Gli sforzi manageriali vanno comunque rapportati alla larghezza delle spalle della nuova Alitalia, che ha circa 900 milioni di debiti e disponibilità liquide residue per 300 milioni (per lo più linee di credito non utilizzate). E altrettanto ne resta di patrimonio netto, rispetto agli 1,1 miliardi del 2008. Occhio e croce, se la compagnia continua a bruciare circa 600mila euro al giorno, la liquidità si esaurirà fra il prossimo Natale e la primavera 2014. A quel punto o i soci attuali si fanno carico di un aumento di capitale, o intervengono gli investitori istituzionali (banche, fondi infrastrutturali privati o misti) oppure bisognerà arrendersi a Air France.

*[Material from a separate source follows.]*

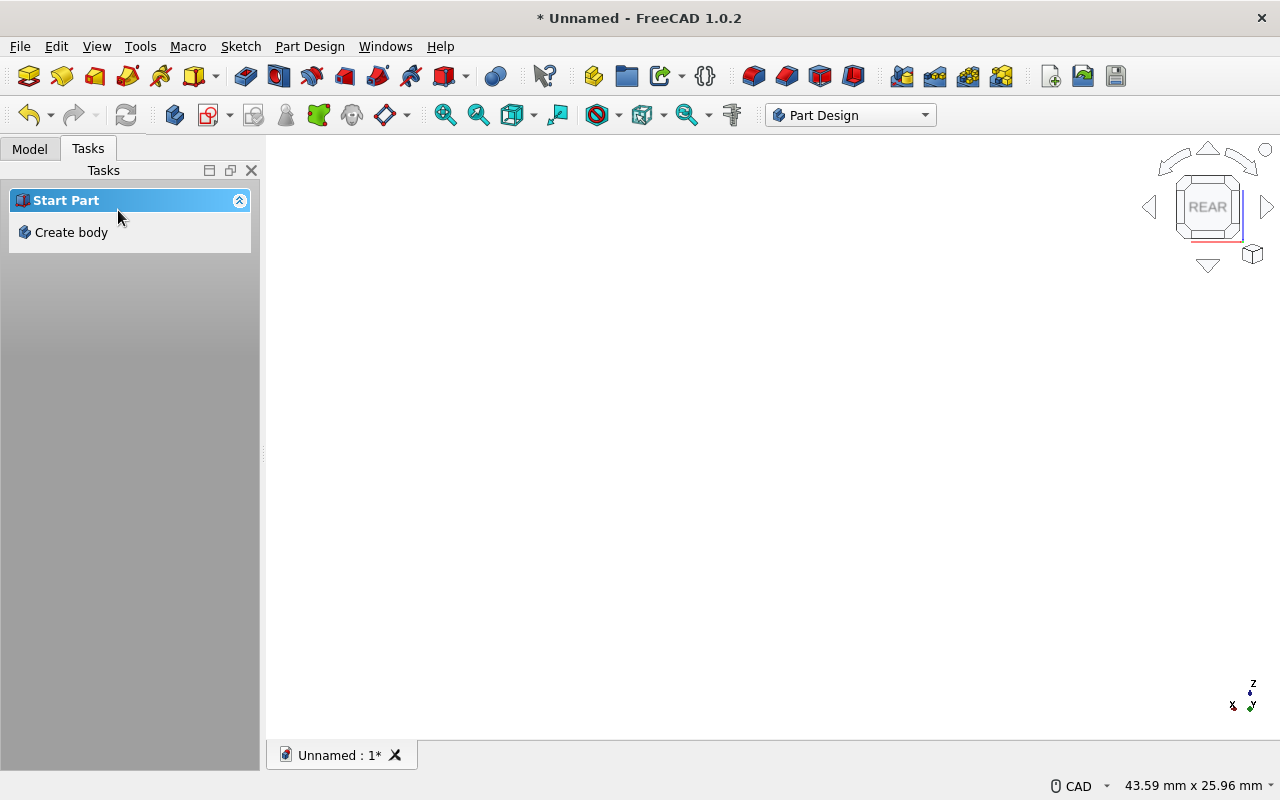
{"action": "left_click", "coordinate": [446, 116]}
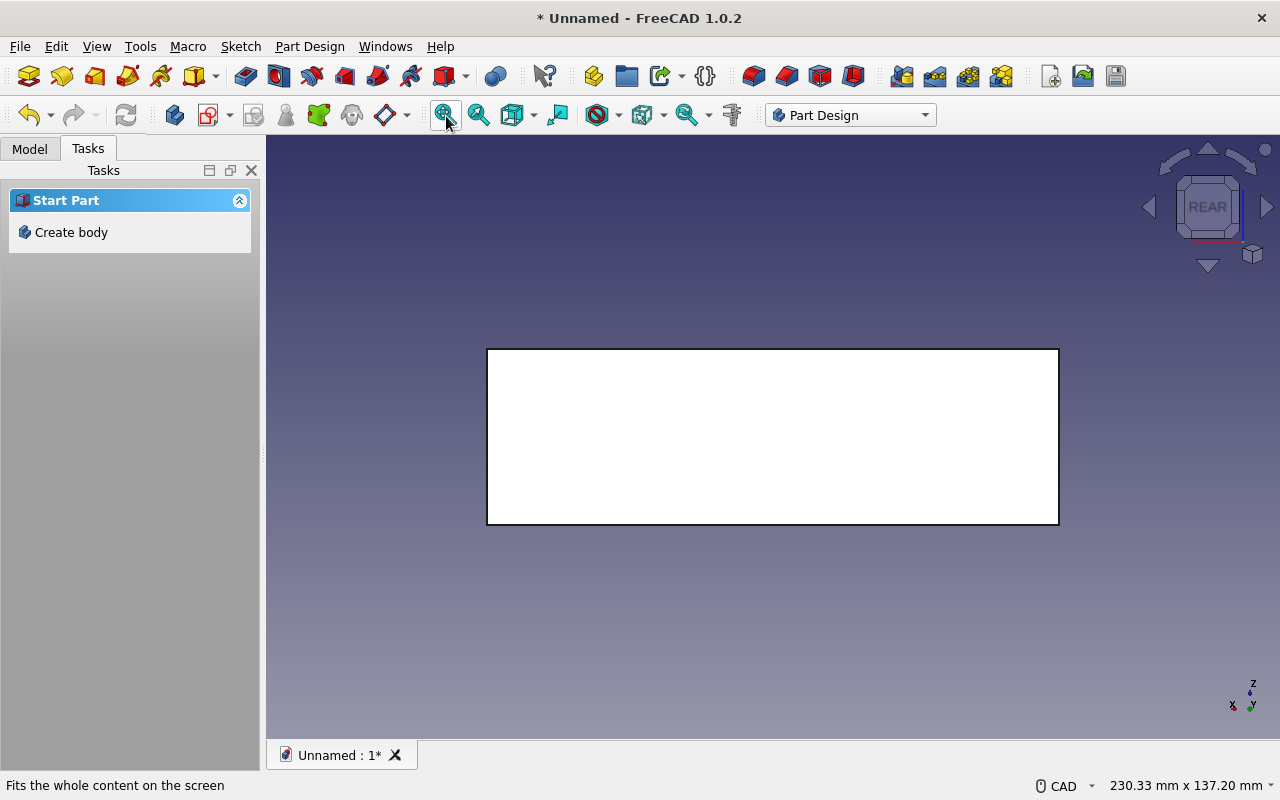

Il cui interesse è da un lato a tenere in vita Alitalia così come è, in quanto la compagnia italiana alimenta gli hub di Parigi e Amsterdam a tutto vantaggio di Air France/Klm, e dall’altro rilevarla quando sarà prossima all’esaurimento delle forze.

Ma anche qualora si arrivasse alle nozze salvatrici con i francesi, il nodo strategico resterebbe irrisolto: perché o i francesi concedono spazi sulle rotte lunghe alla consociata italiana (per volare in Sudafrica oggi bisogna passare da Parigi, giusto per fare un esempio), oppure il destino inesorabile di Alitalia sarà un continuo taglio di rotte e di costi fino a farne un puro “alimentatore” degli voli intercontinentali di Air France/Klm, con il rischio di non essere competitiva nemmeno come compagnia regionale. Tutt’al più potrà sfamarsi con gli avanzi lasciati da Parigi e Amsterdam. Con buona pace di chi sogna che i grandi flussi di viaggiatori internazionali arrivino in Italia volando sulla storica (ex) compagnia di bandiera.